Archivmeldung vom 26.05.2018

Bitte beachten Sie, dass die Meldung den Stand der Dinge zum Zeitpunkt ihrer Veröffentlichung am 26.05.2018 wiedergibt. Eventuelle in der Zwischenzeit veränderte Sachverhalte bleiben daher unberücksichtigt.

Freigeschaltet durch André Ott
Logo Internationale Währungsfonds (IWF; englisch International Monetary Fund)
Logo Internationale Währungsfonds (IWF; englisch International Monetary Fund)

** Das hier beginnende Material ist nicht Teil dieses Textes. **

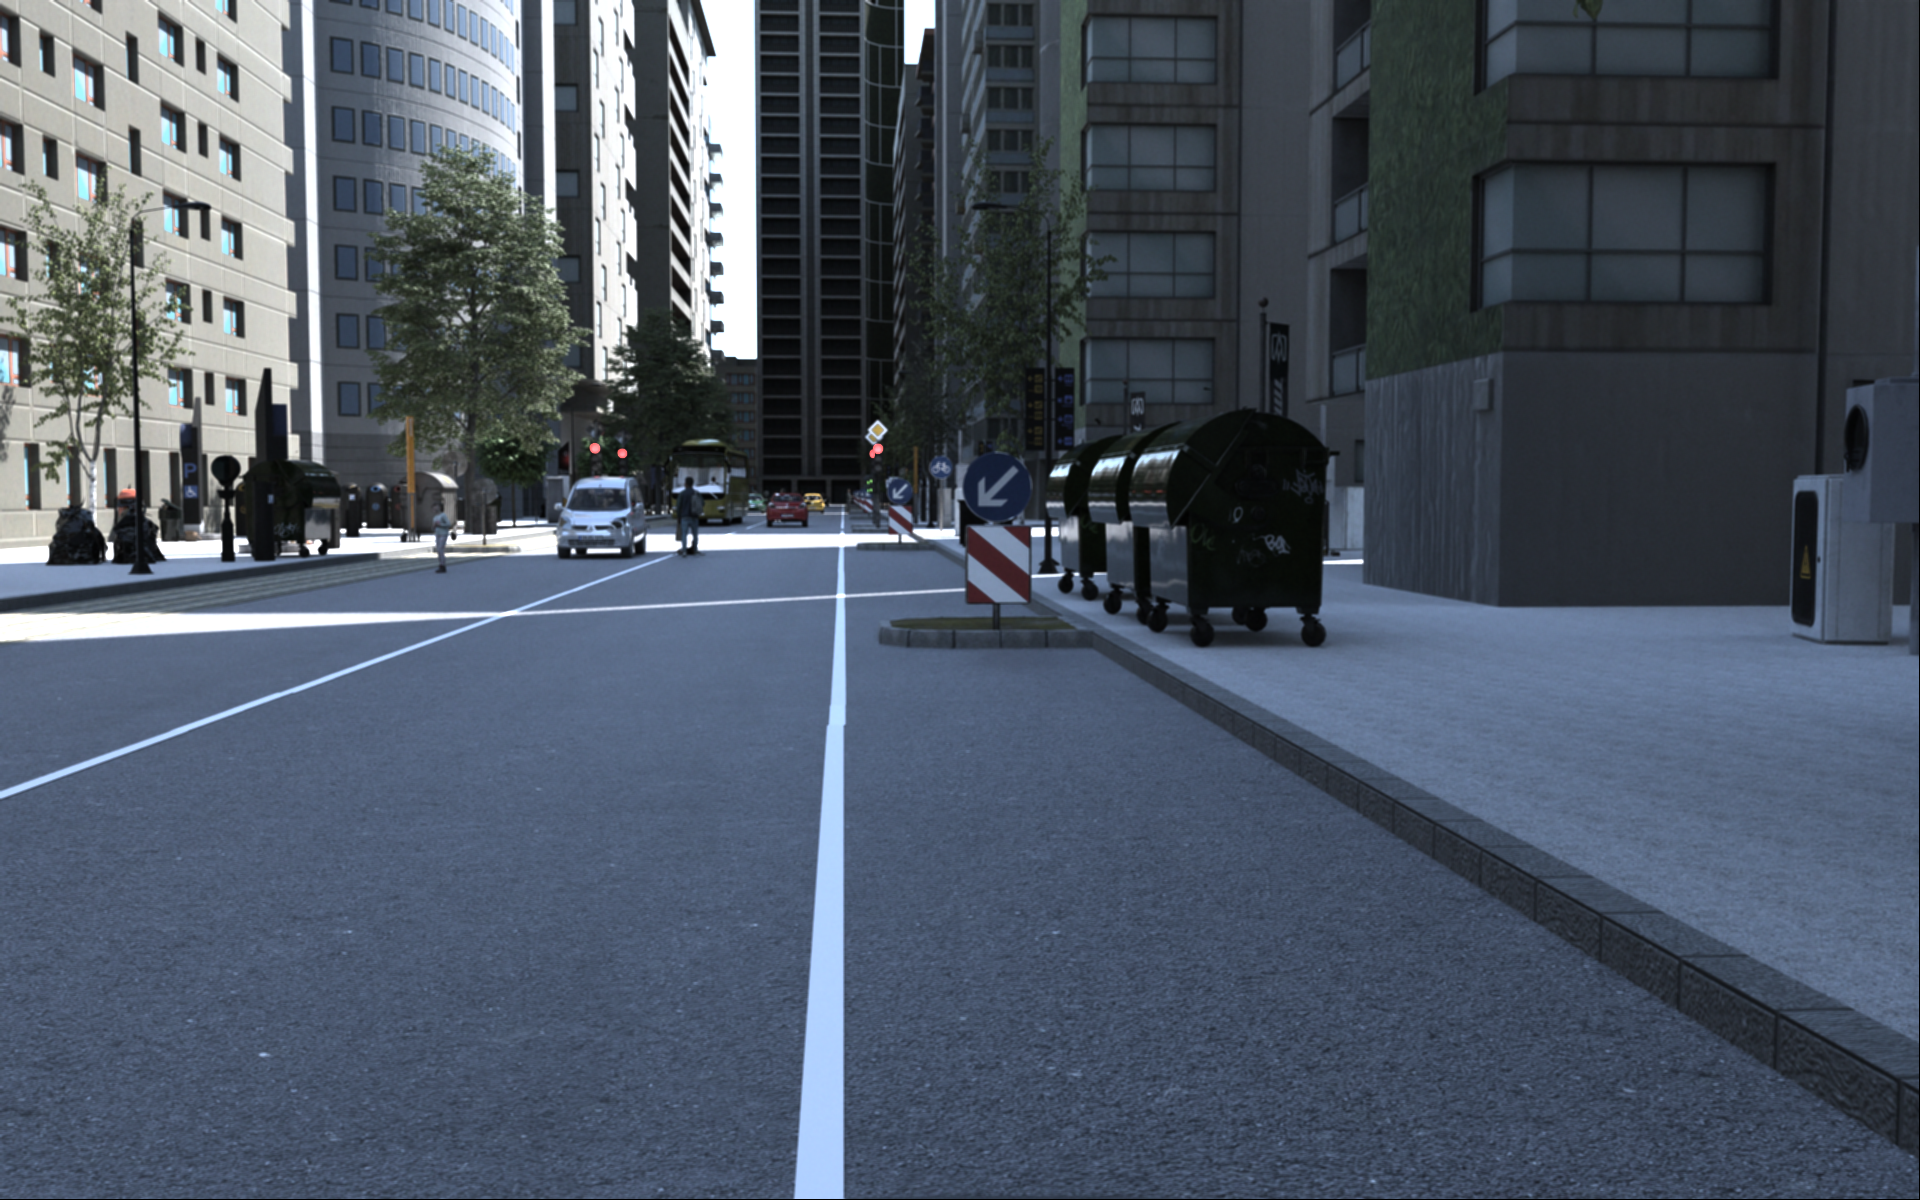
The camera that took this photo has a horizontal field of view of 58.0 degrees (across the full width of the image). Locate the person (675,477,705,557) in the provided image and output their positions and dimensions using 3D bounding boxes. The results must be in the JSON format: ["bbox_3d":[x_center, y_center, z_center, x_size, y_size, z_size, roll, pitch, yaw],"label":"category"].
[{"bbox_3d":[-6.192,-1.889,39.365,0.794,1.824,0.713,0,4,6],"label":"person"}]

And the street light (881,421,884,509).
[{"bbox_3d":[-4.609,-8.410,110.038,1.470,5.913,1.316,0,4,-4],"label":"street light"}]

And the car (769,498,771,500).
[{"bbox_3d":[-17.184,-9.475,165.146,2.015,1.641,3.980,0,4,-3],"label":"car"}]

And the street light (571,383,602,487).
[{"bbox_3d":[-15.671,-6.118,72.577,1.470,5.913,1.316,0,4,-4],"label":"street light"}]

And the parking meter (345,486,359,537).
[{"bbox_3d":[-18.137,-2.646,51.678,0.372,1.533,0.369,0,3,0],"label":"parking meter"}]

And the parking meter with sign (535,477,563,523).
[{"bbox_3d":[-17.797,-4.885,76.136,1.738,3.016,0.543,-1,4,-20],"label":"parking meter with sign"}]

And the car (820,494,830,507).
[{"bbox_3d":[-16.074,-11.680,200.752,2.009,1.686,4.222,0,4,-3],"label":"car"}]

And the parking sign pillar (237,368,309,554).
[{"bbox_3d":[-15.020,-3.015,37.768,1.447,3.967,1.447,-2,4,-31],"label":"parking sign pillar"}]

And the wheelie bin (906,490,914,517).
[{"bbox_3d":[-2.726,-5.466,97.269,0.693,1.594,0.980,0,4,7],"label":"wheelie bin"}]

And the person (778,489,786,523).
[{"bbox_3d":[-8.587,-4.582,84.422,0.512,1.701,0.522,-3,5,-41],"label":"person"}]

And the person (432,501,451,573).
[{"bbox_3d":[-9.492,-1.153,31.624,0.425,1.301,0.394,1,4,17],"label":"person"}]

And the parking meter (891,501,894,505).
[{"bbox_3d":[-4.260,-6.565,113.054,0.399,1.863,0.255,-1,4,-21],"label":"parking meter"}]

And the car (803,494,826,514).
[{"bbox_3d":[-10.888,-7.192,127.808,2.015,1.641,3.980,0,4,-5],"label":"car"}]

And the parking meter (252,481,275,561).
[{"bbox_3d":[-13.361,-1.519,33.240,0.372,1.533,0.369,0,3,0],"label":"parking meter"}]

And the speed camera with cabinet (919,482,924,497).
[{"bbox_3d":[-3.092,-7.743,120.926,0.660,3.252,2.038,1,4,17],"label":"speed camera with cabinet"}]

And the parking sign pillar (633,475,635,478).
[{"bbox_3d":[-27.930,-9.678,146.701,1.447,3.967,1.447,-2,4,-24],"label":"parking sign pillar"}]

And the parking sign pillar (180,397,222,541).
[{"bbox_3d":[-21.095,-3.616,47.599,1.447,3.967,1.447,-1,4,-19],"label":"parking sign pillar"}]

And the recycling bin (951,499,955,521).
[{"bbox_3d":[-0.056,-4.311,83.037,0.722,1.027,0.722,1,4,18],"label":"recycling bin"}]

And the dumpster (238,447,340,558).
[{"bbox_3d":[-13.720,-2.016,35.452,1.502,2.255,1.985,0,4,-4],"label":"dumpster"}]

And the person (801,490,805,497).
[{"bbox_3d":[-15.469,-9.862,169.762,1.348,1.822,0.705,1,4,23],"label":"person"}]

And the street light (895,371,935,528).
[{"bbox_3d":[-1.650,-5.683,65.453,1.470,5.913,1.316,0,4,-4],"label":"street light"}]

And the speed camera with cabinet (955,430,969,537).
[{"bbox_3d":[0.166,-3.591,53.055,0.660,3.252,2.038,0,4,2],"label":"speed camera with cabinet"}]

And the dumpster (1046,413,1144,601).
[{"bbox_3d":[1.920,-1.167,21.579,1.502,2.255,1.985,0,4,-4],"label":"dumpster"}]

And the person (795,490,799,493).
[{"bbox_3d":[-13.019,-7.844,137.346,0.643,1.750,0.593,1,4,20],"label":"person"}]

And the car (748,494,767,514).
[{"bbox_3d":[-15.194,-7.055,127.153,2.131,1.459,4.920,0,4,-5],"label":"car"}]

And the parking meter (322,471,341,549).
[{"bbox_3d":[-14.709,-2.128,40.496,0.399,1.863,0.255,1,4,9],"label":"parking meter"}]

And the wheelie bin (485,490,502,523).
[{"bbox_3d":[-20.886,-4.246,77.335,0.980,1.594,0.693,3,5,44],"label":"wheelie bin"}]

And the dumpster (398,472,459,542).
[{"bbox_3d":[-14.347,-2.505,46.722,1.264,1.857,1.865,0,4,-4],"label":"dumpster"}]

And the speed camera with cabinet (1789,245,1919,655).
[{"bbox_3d":[7.606,-1.238,14.576,0.660,3.252,2.038,1,4,10],"label":"speed camera with cabinet"}]

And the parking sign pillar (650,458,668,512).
[{"bbox_3d":[-21.657,-8.346,124.925,1.447,3.967,1.447,1,4,13],"label":"parking sign pillar"}]

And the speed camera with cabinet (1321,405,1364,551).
[{"bbox_3d":[8.512,-2.751,39.317,2.038,3.252,0.660,-3,5,-40],"label":"speed camera with cabinet"}]

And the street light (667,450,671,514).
[{"bbox_3d":[-18.115,-8.462,110.894,1.470,5.913,1.316,0,4,-4],"label":"street light"}]

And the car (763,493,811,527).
[{"bbox_3d":[-7.628,-4.123,76.443,2.155,1.783,4.494,0,4,-6],"label":"car"}]

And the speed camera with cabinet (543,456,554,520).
[{"bbox_3d":[-20.027,-5.598,85.863,0.660,3.252,2.038,-2,4,-35],"label":"speed camera with cabinet"}]

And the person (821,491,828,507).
[{"bbox_3d":[-15.006,-11.095,189.910,1.348,1.823,0.705,3,5,40],"label":"person"}]

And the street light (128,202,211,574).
[{"bbox_3d":[-12.610,-3.371,27.658,1.470,5.913,1.316,0,4,-4],"label":"street light"}]

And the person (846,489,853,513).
[{"bbox_3d":[-8.294,-7.436,130.247,0.590,1.801,0.661,-1,4,-11],"label":"person"}]

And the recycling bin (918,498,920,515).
[{"bbox_3d":[-2.891,-5.810,107.550,0.722,1.027,0.722,-3,4,-38],"label":"recycling bin"}]

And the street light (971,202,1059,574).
[{"bbox_3d":[0.880,-3.375,27.717,1.470,5.913,1.316,0,4,-4],"label":"street light"}]

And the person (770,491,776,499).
[{"bbox_3d":[-18.185,-9.782,169.220,0.721,1.735,1.217,2,4,27],"label":"person"}]

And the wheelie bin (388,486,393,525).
[{"bbox_3d":[-23.238,-3.895,71.598,0.980,1.594,0.693,1,4,10],"label":"wheelie bin"}]

Der Internationale Währungsfonds (IWF) muss sich nach Ansicht des haushaltspolitischen Sprechers der CDU/CSU-Bundestagsfraktion, Eckhardt Rehberg, nicht mehr zwingend am 3. Rettungspaket für Griechenland beteiligen. Dem Nachrichtenmagazin Focus sagte Rehberg: "Die Beteiligung des IWF am 3. Rettungspaket gestaltet sich immer schwieriger. Für uns kommt es jetzt auf den Preis an: Verlangt der IWF für eine Beteiligung teure Gegenleistungen, wonach es derzeit aussieht, ist das schwer zu akzeptieren."

Rehberg betonte, in diesem Fall sei es besser, "wenn sich der IWF von sich aus nicht mehr beteiligt". Bisher hatte die Unionsfraktion darauf bestanden, dass sich der Währungsfonds am Hilfspaket beteiligt. Wie Focus weiter schreibt, hat der IWF ins Gespräch gebracht, als Gegenleistung für eine Beteiligung am Rettungspaket seine an Griechenland bisher vergebenen Kredite an den europäischen Rettungsfonds ESM übertragen zu können. Damit wolle der IWF die Zinslast Griechenlands senken und zugleich das Ausfallrisiko der Kredite loswerden, hieß es in Finanzkreisen.